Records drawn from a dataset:

= = =

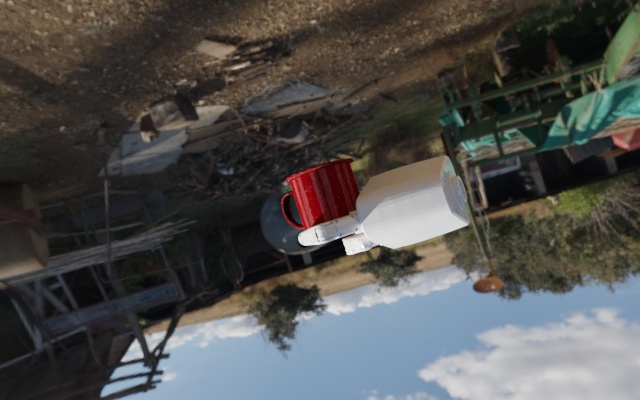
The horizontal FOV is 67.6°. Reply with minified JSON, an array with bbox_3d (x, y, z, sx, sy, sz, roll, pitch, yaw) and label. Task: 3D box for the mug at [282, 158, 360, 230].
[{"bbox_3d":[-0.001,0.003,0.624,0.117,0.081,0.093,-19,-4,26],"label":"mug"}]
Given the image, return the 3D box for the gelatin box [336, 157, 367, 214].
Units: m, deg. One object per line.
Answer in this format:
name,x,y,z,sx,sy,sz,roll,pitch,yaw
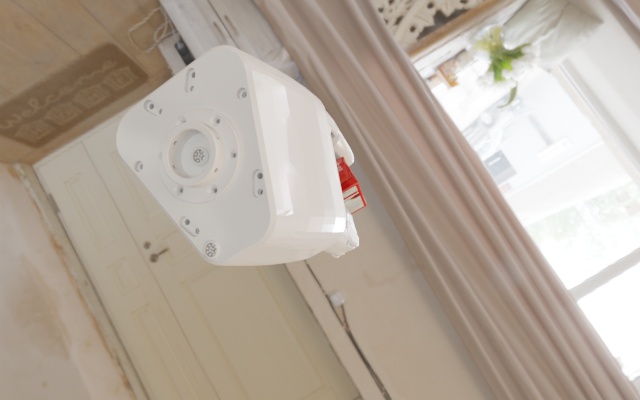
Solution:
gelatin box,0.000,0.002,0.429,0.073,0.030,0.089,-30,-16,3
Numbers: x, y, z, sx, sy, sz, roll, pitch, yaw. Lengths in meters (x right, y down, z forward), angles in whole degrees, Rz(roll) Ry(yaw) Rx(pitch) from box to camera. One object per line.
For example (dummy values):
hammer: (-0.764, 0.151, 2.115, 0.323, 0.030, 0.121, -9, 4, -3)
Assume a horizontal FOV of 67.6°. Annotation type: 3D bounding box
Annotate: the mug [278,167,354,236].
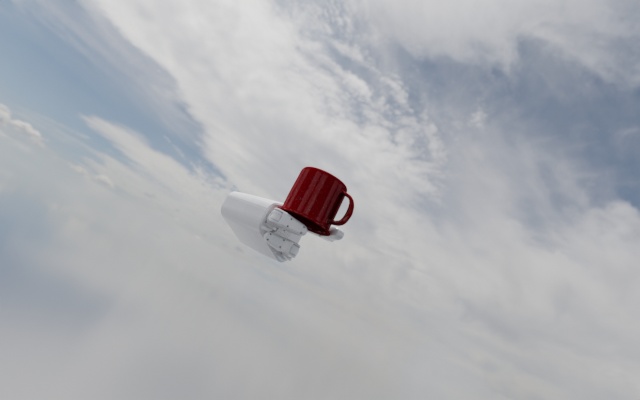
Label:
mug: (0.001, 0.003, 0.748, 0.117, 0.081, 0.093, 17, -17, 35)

= = =

What the task asks: The answer must be an exact copy of the lines from the start of the records above through the line containing "name,x,y,z,sx,sy,sz,roll,pitch,yaw", with no pictures in it.

Exercise output:
The horizontal FOV is 67.6°. Reply with minified JSON, an array with bbox_3d (x, y, z, sx, sy, sz, roll, pitch, yaw) and label. Task: 3D box for the mug at [282, 158, 360, 230].
[{"bbox_3d":[-0.001,0.003,0.624,0.117,0.081,0.093,-19,-4,26],"label":"mug"}]
Given the image, return the 3D box for the gelatin box [336, 157, 367, 214].
Units: m, deg. One object per line.
Answer in this format:
name,x,y,z,sx,sy,sz,roll,pitch,yaw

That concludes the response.